Content starts

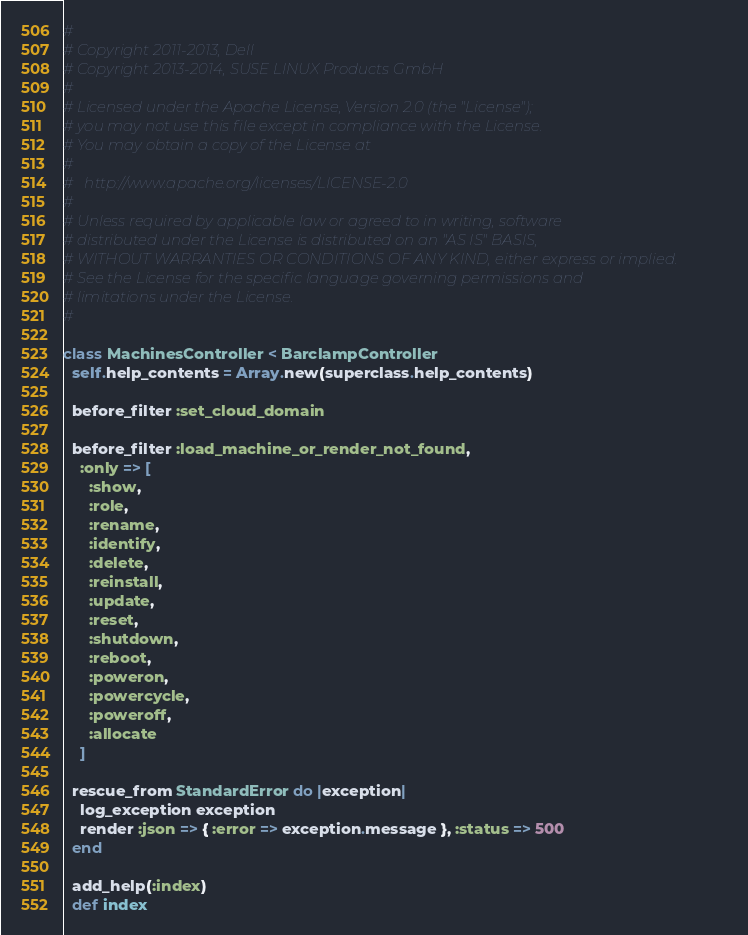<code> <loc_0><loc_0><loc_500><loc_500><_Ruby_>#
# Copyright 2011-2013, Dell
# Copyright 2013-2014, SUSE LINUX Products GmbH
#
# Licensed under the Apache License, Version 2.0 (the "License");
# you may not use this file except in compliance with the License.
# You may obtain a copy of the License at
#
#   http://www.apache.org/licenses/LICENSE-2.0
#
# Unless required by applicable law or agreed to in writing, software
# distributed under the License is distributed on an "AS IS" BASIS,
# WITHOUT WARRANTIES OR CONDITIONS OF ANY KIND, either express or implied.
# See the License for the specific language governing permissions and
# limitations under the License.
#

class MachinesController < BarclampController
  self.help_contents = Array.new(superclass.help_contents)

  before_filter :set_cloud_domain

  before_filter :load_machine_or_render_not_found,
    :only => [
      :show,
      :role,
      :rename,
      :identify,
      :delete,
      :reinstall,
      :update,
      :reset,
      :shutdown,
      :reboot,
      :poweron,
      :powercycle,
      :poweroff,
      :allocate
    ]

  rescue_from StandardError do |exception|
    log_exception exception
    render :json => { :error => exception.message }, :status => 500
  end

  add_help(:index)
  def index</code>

Content ends

→ PROBLEM STATEMENT
Look over the data above and show each line that contains "exception".

→ ANSWER SECTION
  rescue_from StandardError do |exception|
    log_exception exception
    render :json => { :error => exception.message }, :status => 500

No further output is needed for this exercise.